Page 1 of 1

Sort GBs of data - archive

Posted: 2017-12-18 19:10
by jalisco
Hi,

I have tons of images, having saved many "quick and dirty backups" over the years.

In other words, often trying to keep it organized, but over time (a decade), I just save the old hard drive, and replace it with a new one.
During this process, I have many "Photos" folders, from different systems, Apple and Debian (Shotwell) predominantly, in multiple directories.

What I would like to do is consolidate all the images, erring on the side of caution -- I don't want to lose any images, if possible.

For example, I have say
Directory One -> Photos with 75GB
Directory Two -> Photos with 50 GB
Directory Three -> Photos 20GB

so on and so forth.

Programs like iPhoto/Photos use databases and have all kinds of extra crap (like "faces" and thumbnails) that I am not necessarily interested in.

At this point, I just want to organize all my images, without having to manually go through 100,000+ of many redundant images.

I use Debian predominantly and is my main system for some time. There may be 2-3 instances of iPhoto images, based on my partners usage of Mac, and really old images, of when I used Apple products.

My plan is:

Well, now that I start to formulate it, I realize, I have no plan =/

I know I can use rsync to synchronize the directories.

But, ideally, I really want all the files in one big fat directory. I don't really care about the funny "by year, or some other funny camera directory/sub-directory style". I just want all the image files.

So, then, I guess I should do some "bashing", use BASH to get all the images from the various subdirectories, recursively, and move them into one big folder.

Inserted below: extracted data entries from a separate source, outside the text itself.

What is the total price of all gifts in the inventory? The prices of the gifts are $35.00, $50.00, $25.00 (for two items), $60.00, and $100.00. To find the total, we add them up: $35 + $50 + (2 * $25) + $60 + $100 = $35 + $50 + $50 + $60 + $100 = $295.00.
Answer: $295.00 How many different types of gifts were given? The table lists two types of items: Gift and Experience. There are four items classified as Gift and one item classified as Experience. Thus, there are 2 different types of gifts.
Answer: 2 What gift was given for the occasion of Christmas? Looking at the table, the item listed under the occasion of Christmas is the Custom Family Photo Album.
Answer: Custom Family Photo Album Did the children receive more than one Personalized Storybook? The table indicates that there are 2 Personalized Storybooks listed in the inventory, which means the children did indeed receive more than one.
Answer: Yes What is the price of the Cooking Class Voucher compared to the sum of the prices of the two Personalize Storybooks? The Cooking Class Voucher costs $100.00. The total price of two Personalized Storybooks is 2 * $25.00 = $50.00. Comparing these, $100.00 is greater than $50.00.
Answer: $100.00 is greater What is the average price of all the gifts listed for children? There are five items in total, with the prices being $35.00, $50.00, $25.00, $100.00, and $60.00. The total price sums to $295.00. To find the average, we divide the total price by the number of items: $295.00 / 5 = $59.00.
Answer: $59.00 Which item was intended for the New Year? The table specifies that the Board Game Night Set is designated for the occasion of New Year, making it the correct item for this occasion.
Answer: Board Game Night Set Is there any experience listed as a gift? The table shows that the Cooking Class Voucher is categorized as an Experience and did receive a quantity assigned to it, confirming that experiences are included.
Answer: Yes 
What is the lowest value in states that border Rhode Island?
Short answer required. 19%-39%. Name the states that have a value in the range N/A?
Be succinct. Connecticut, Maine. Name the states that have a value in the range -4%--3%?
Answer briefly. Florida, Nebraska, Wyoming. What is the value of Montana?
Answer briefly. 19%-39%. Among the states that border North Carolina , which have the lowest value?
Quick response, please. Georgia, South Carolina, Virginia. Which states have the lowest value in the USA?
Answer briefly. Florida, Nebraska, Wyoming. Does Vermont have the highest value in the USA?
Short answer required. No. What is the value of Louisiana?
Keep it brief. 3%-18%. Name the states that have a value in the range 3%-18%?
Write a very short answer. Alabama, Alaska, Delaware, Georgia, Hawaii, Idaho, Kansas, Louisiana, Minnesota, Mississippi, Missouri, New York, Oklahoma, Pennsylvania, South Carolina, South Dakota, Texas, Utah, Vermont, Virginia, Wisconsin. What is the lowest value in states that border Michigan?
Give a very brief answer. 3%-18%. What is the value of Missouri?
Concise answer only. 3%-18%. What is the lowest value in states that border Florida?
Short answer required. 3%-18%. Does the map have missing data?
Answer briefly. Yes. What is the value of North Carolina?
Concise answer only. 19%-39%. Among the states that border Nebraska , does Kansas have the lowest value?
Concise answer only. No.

Both of these possibilities leave me lacking complete comfort, because I am not sure how they handle duplicates.

Thinking out loud, I guess I would want to:

1. create a BASH script, using the mv command with the backup option --> to recursively get all the image files from their various folder structures and subdirectories, into one massive directory.
2. then use fdupes to remove the duplicates.


Is there a heavy duty application that can take all the image in, and manage them, that anyone know of, to make this process easier??

Programs like Photos even Shotwell, simply can't handle this volume of images very efficiently.

Re: Sort GBs of data - archive

Posted: 2017-12-19 01:10
by acewiza
"Organizing" is always a challenge. Here's a little snippet I use to find dupes:

Code: Select all

find . -type f -exec md5sum '{}' ';' | sort | uniq --all-repeated=separate -w 15 > dupes.txt
Other than that, I think you are pretty much on your own.

Re: Sort GBs of data - archive

Posted: 2017-12-19 08:51
by jalisco
acewiza wrote:"Organizing" is always a challenge. Here's a little snippet I use to find dupes:

Code: Select all

find . -type f -exec md5sum '{}' ';' | sort | uniq --all-repeated=separate -w 15 > dupes.txt
Other than that, I think you are pretty much on your own.

Thanks. That's kind of what I figured. Unfortunately, at some point, I passed the "consumer level" problem, into
"professional level" problem =)

Re: Sort GBs of data - archive

Posted: 2017-12-19 11:09
by bw123
The 'one massive directory" doesn't sound fun to me, unless the file names are all consistent that would be a mess wouldn't it?

I don't have nearly that big a problem, but I like arranging things by year, and once the dupes are gone, I use a desktop search app to find things.